Demo Data Using a Script Library

The general purpose of this example is to provide objects that create data similar to a real process. The Demo Data contains ten GenericItems that are configured individually to match the physical entity they are representing.

Simulated Density
Figure 1. Simulated Density

There are two objects for simulation of density (D), flow (F), pressure (P), quality (Q), and temperature (T), with different Generation Periods and Limit Settings. Although the main objective of this example is not the Lua script that calculates the simulation data, it is a good show case of how libraries can be used in the Lua scripting engine.

Objects with Scripts Using a Script Library

The Lua Script Body of the simulation objects are identical.

local libHelpers = require("SampleHelpers")
return libHelpers.GetNextRandomValue(syslib.getselfpath(), nil)

Firstly, the library SampleHelpers is embedded into the script. Then it calls the GetNextRandomValue function from the embedded library whose returned value becomes the new current value of the object. The library is located in one of the predecessor tree nodes, in this case it is hosted by the Examples folder.

Folder with Script Libraries
Figure 2. Folder with Script Libraries

Script libraries can be hosted by different objects, and are available to all descendants in the tree hierarchy. As you can see in the first line of the script, the embedding call require uses the Script Library Id to refer to the library that will be embedded.

Although it is recommended for consistency to keep _Script Library Id_s unique, this is not mandatory. A script will search for the ID specified in the require command upwards the tree, and use the first library that matches it.

Lua Library Syntax

A Lua library follows a certain syntax that describes the functions (and/or variables) that are provided by it.

SimpleMathLib = {
    Add = function(a,b)
    return a+b
    Subtract =function(a,b)
    return a-b
return SimpleMathLib

The above example declares two functions called Add and Subtract, that each take two parameters, and perform a simple math operation with those two. Note how the Add and Subtract functions are separated with a comma from each other, and how the script returns the library.

Event Based Script Calculation

The Demo Data Example also provides some objects that run scripts based on events triggered by the value change of other objects.

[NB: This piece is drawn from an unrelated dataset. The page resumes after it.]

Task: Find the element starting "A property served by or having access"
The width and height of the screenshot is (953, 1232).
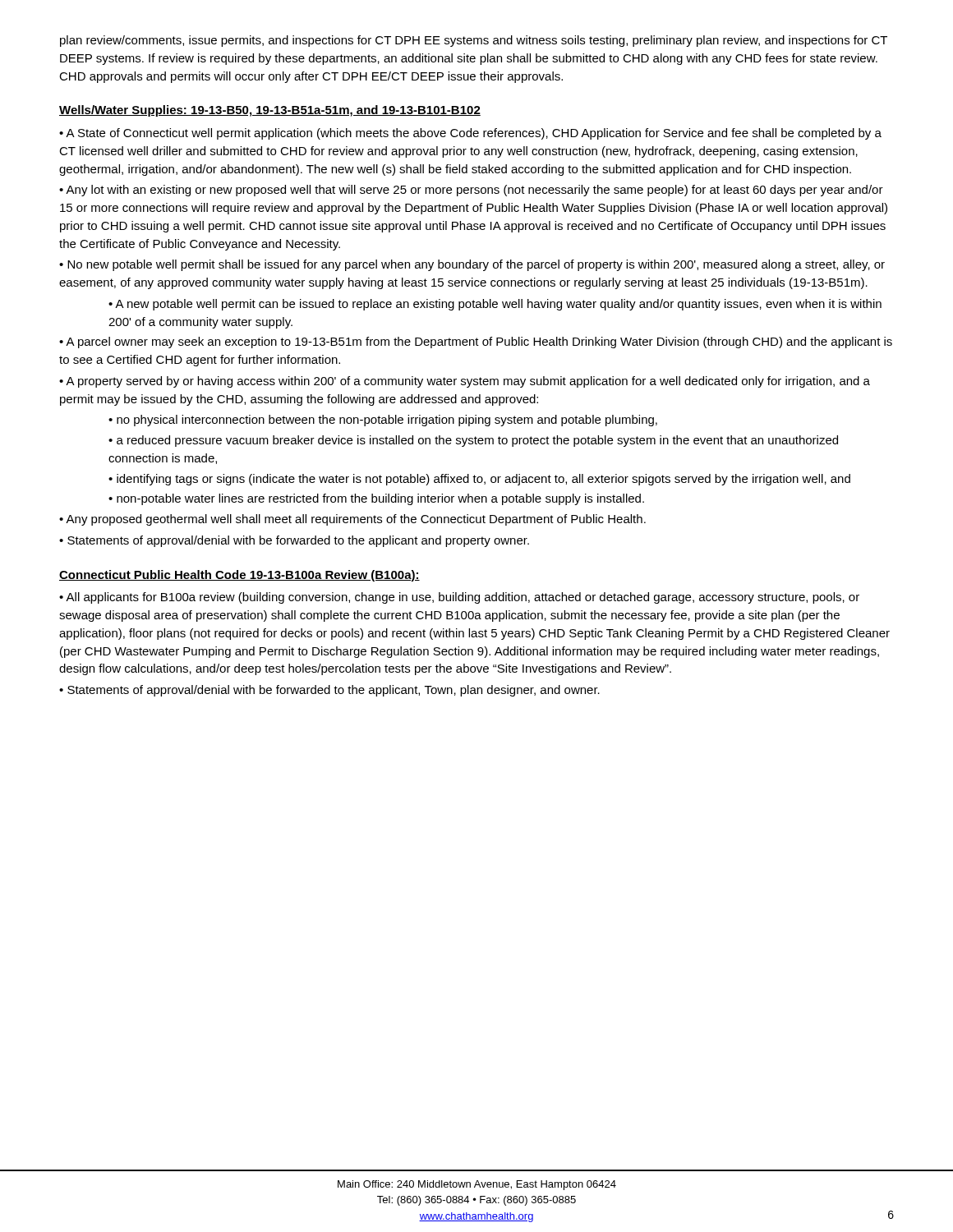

Using the Lua scripting engine, data from sources in remote locations can be read and processed regardless of the system they are running. Processed data can then be written to any selected object (for instance to an operational control center system) in another remote location. In the DataDemo example, an object reads data from two different data sources, using them as inputs to perform a calculation. Data is then written to a target object with the value written depending on the outcome of the calculation.

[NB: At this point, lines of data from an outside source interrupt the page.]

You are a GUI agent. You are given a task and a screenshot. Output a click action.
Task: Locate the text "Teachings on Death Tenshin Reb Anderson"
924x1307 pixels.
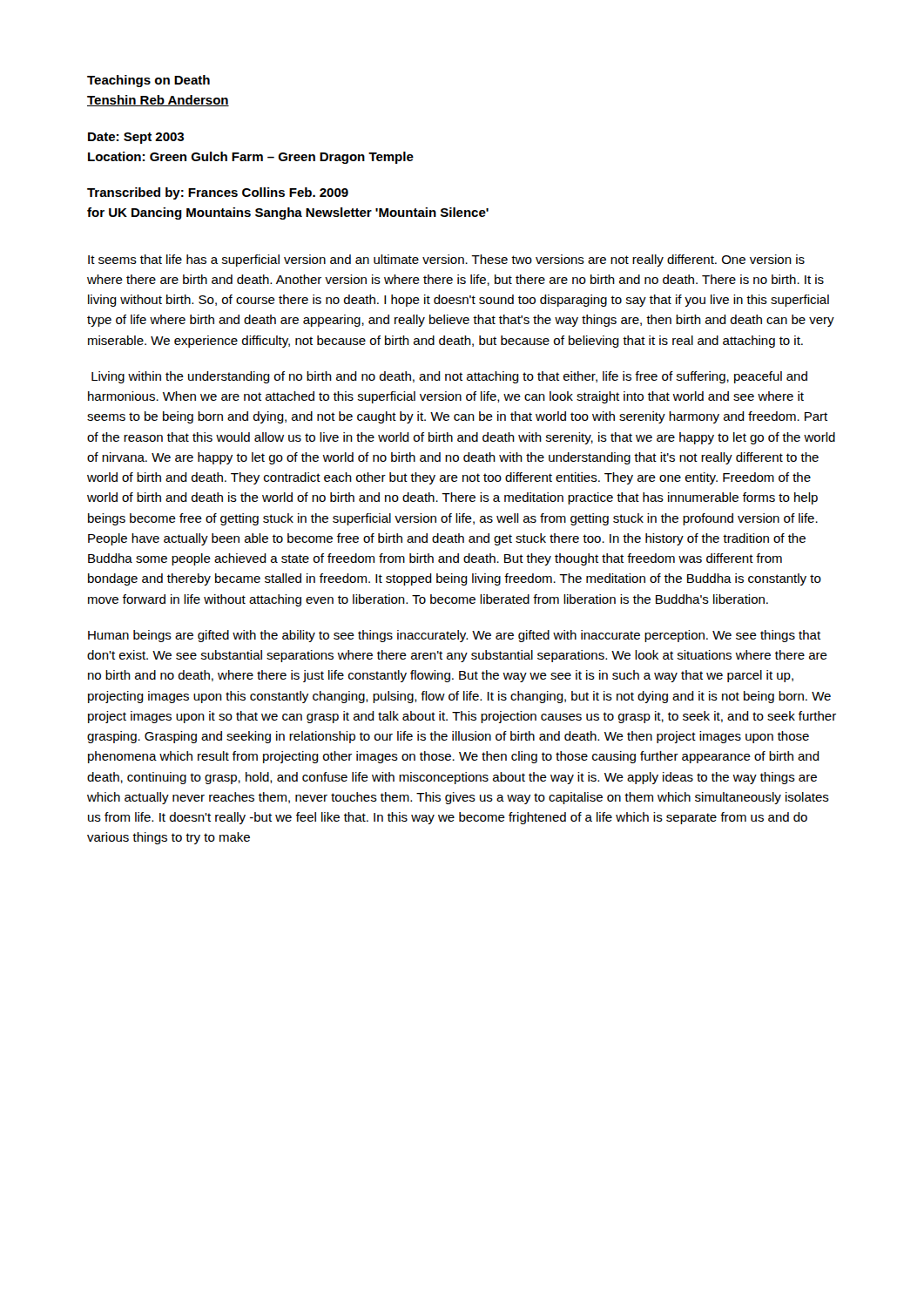point(148,81)
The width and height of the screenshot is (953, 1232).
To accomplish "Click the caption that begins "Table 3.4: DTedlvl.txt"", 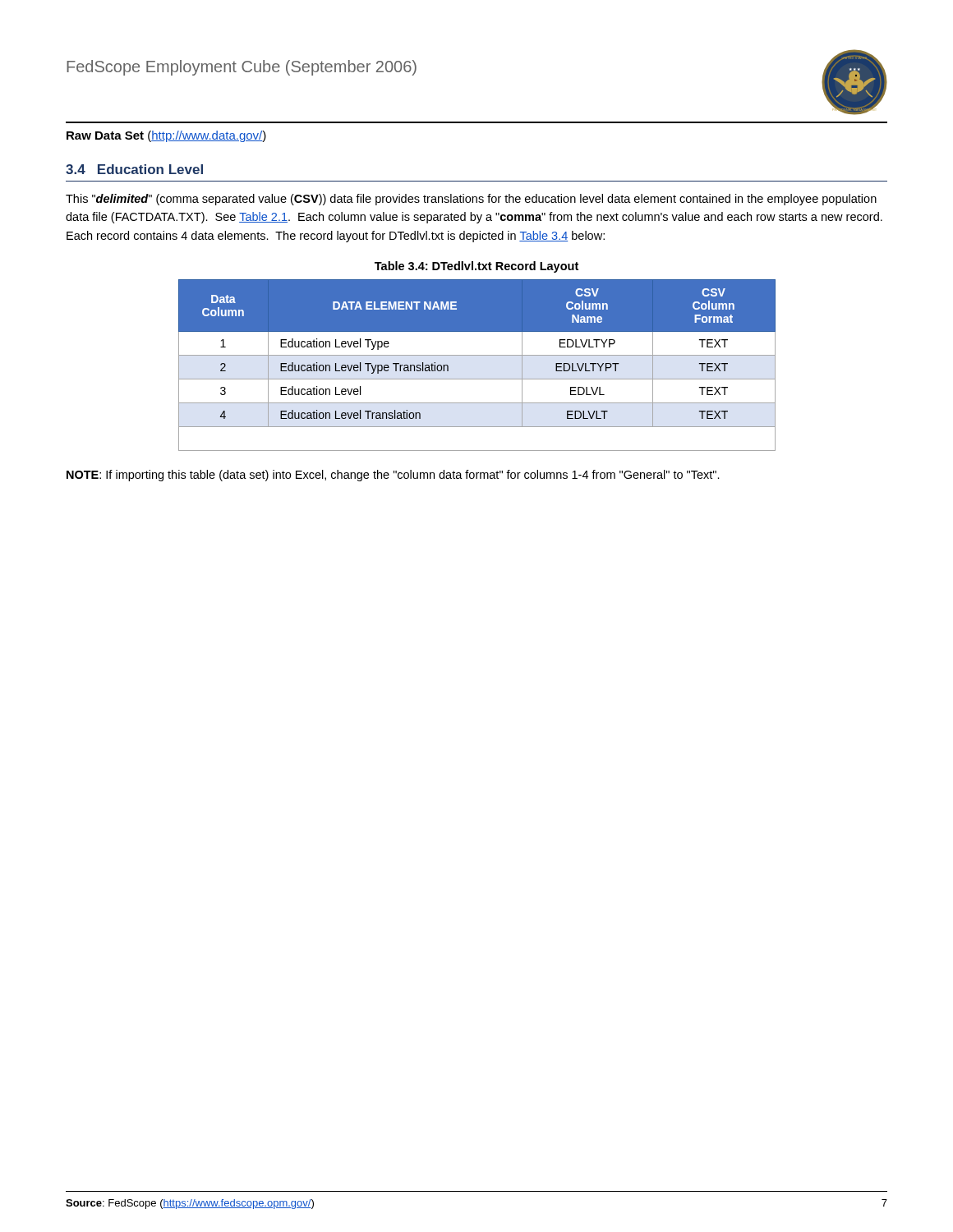I will pyautogui.click(x=476, y=266).

Average Quality Check Script
Figure 3. Average Quality Check Script

Looking at the script of the object 'Average Quality Check', we can see that:

  1. It is of the type ActionItem, meaning it is executed on an event based trigger, not periodically.

  2. It uses one passive object references (DI_Out), that is used to simplify the script code (highlighted by the yellow boxes).

  3. It uses two triggering object references, both causing the script to run whenever they change value, quality, timestamp or any property (highlighted by the orange boxes).

The script returns a string value (the avQ value plus a quality indication) and writes a binary value to the passively linked Q_LOW data holder object.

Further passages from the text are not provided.